Lockhart had originally been sent to Moscow as a semi-official agent of the British government. His diplomatic accreditation had given him access to Lenin, Trotsky and other senior Bolsheviks. But the rumour that he had been involved in Savinkov’s counter-revolution, coupled with the increasing likelihood of Allied intervention in Northern Russia, had earned him the mistrust of the new regime.
‘The sands were running out,’ wrote Lockhart of the increasingly bleak political situation. ‘We were drifting rapidly towards the inevitable tragedy.’

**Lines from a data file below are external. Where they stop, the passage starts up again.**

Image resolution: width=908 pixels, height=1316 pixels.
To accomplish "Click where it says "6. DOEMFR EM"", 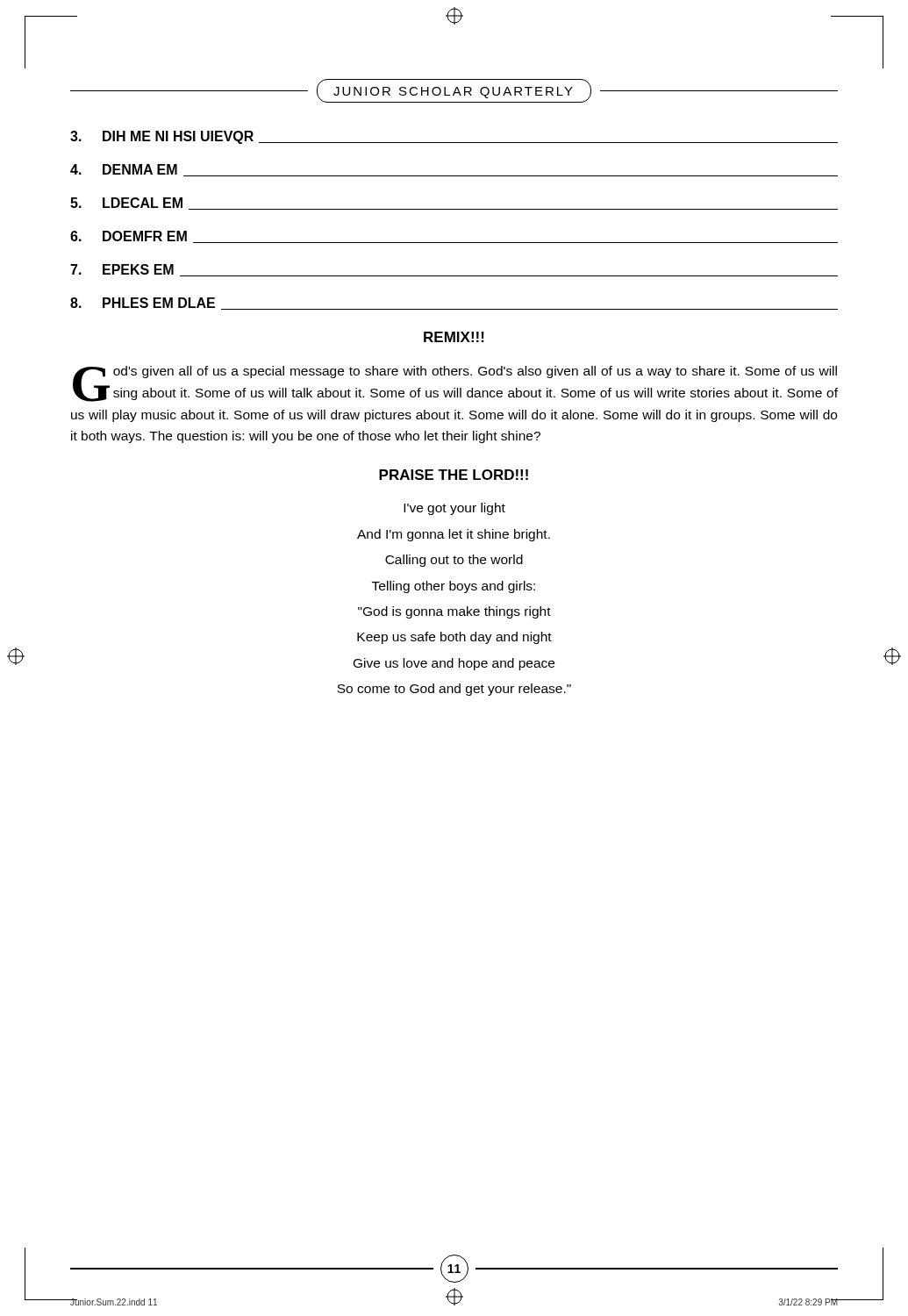I will coord(454,237).
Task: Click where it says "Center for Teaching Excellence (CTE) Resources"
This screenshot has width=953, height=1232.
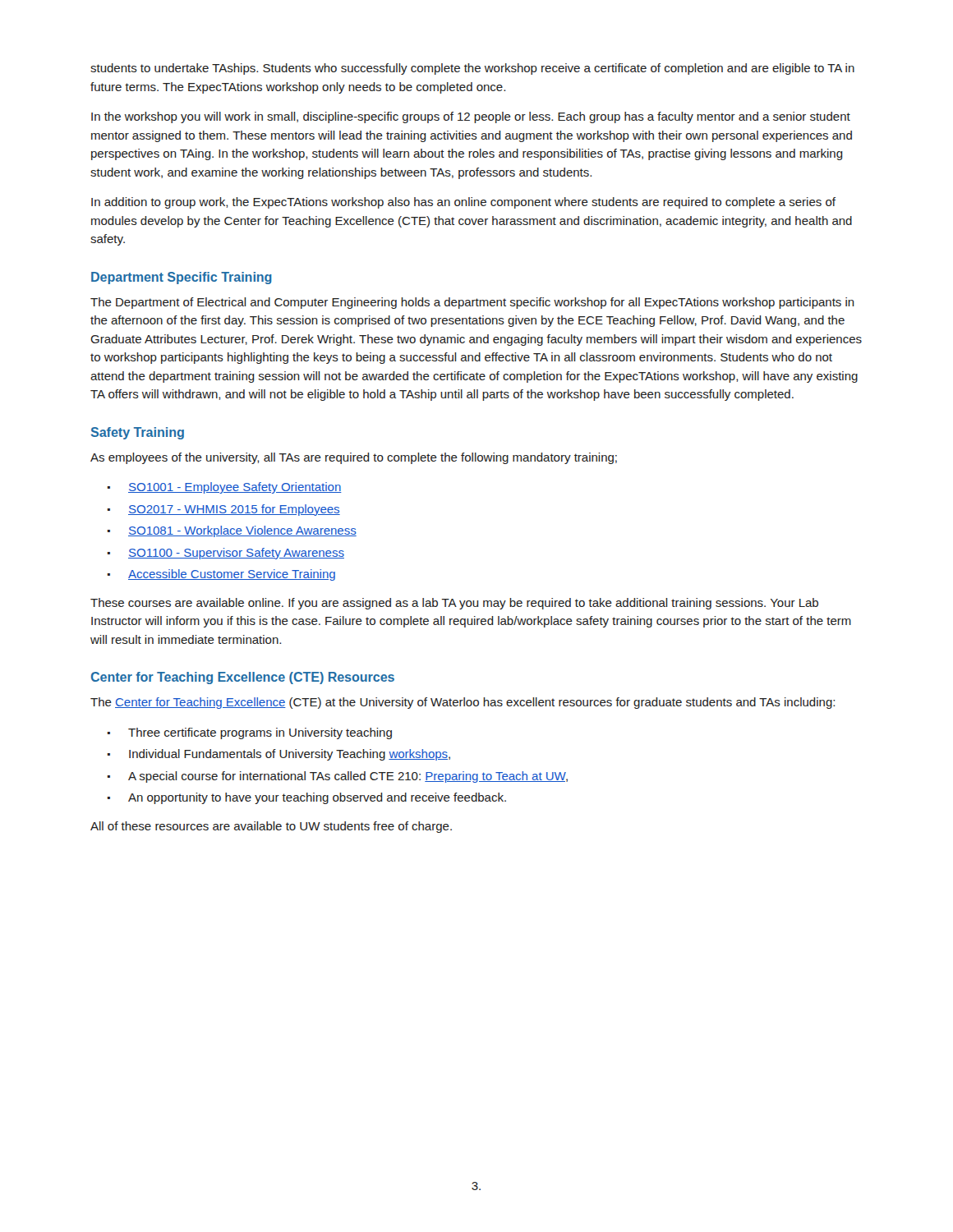Action: pos(243,677)
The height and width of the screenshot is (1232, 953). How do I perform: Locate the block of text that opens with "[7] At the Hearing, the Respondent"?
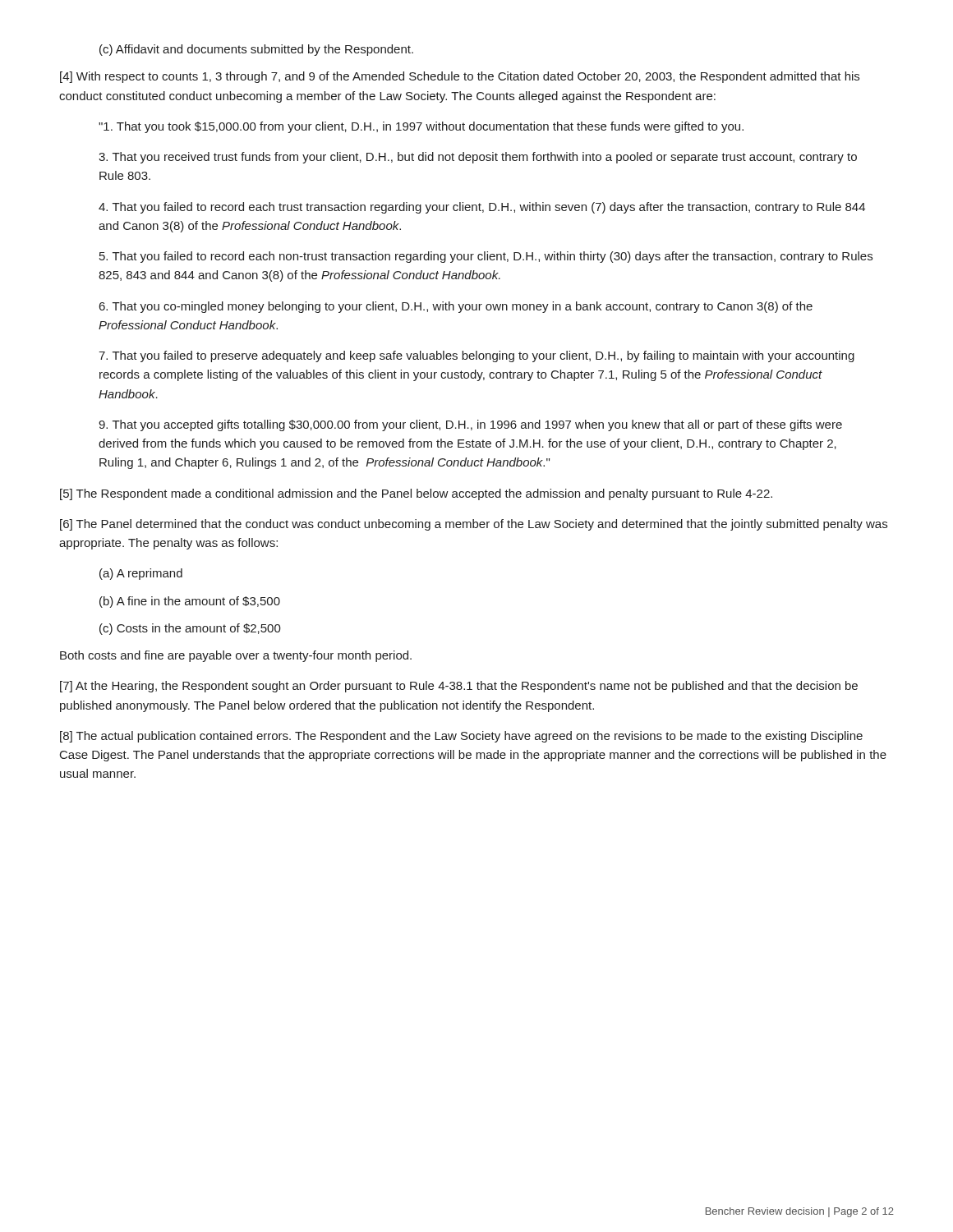coord(476,695)

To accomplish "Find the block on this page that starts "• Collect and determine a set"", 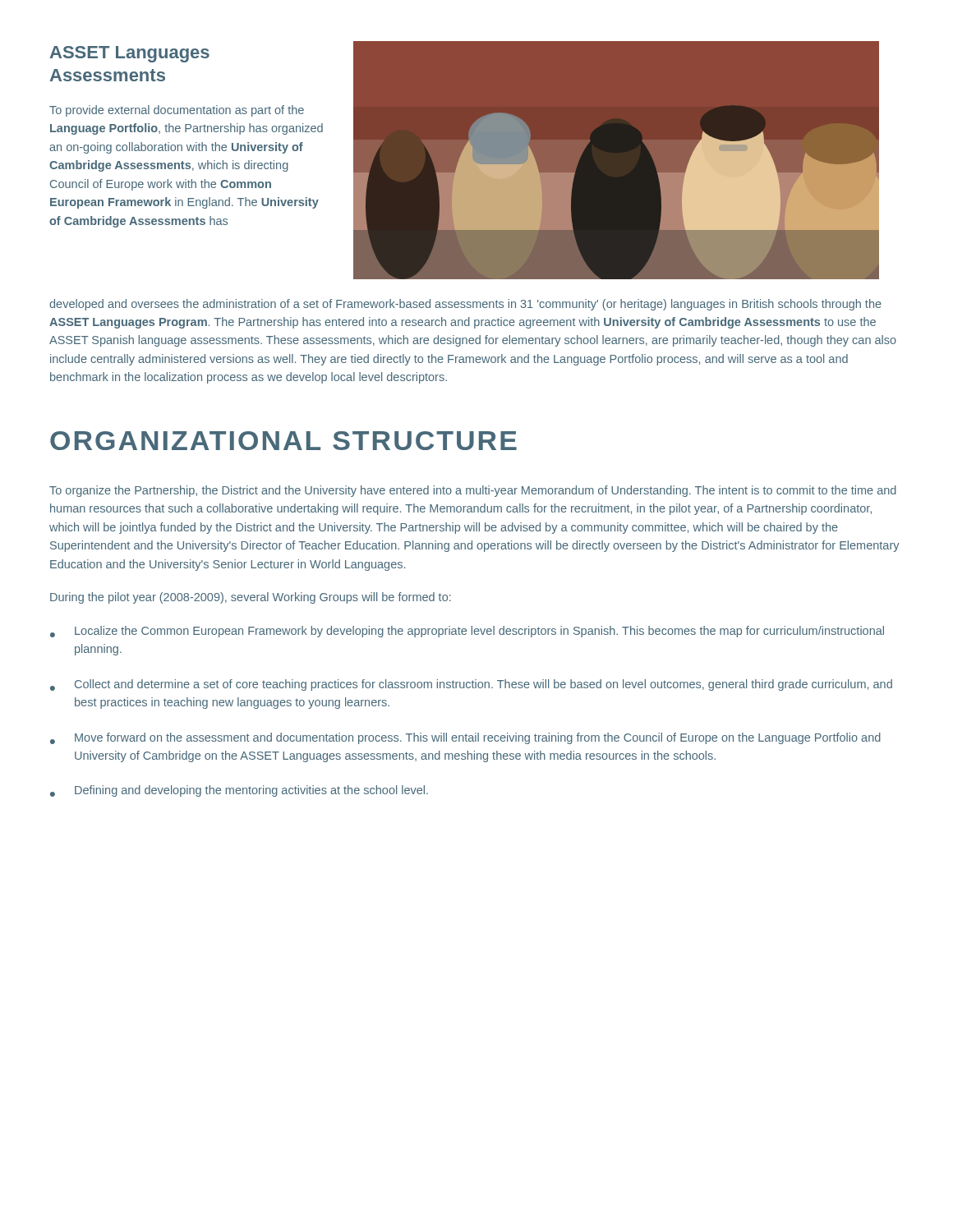I will pyautogui.click(x=476, y=693).

That tragedy moved one step nearer on the evening of 17 July 1918, eight months after the revolution, when Lockhart became the first Westerner to learn of the brutal execution of Tsar Nicholas II, his wife the tsarina, and all of their children. News of the killings was immediately conveyed to London, where it caused shock and outrage. The attitude of the Bolshevik government made the crime all the more heinous in the eyes of British ministers.
‘There was no question of disapproval or disavowal,’ wrote Lockhart. ‘In its leading articles, the Bolshevik press did everything it could to justify the murder and reviled the tsar as a tyrant and a butcher.’
While Allied governments digested news of the tsar’s execution, a game of diplomatic brinkmanship was being played out in the northern town of Vologda. It only served to reinforce Lockhart’s opinion that real danger was just around the corner.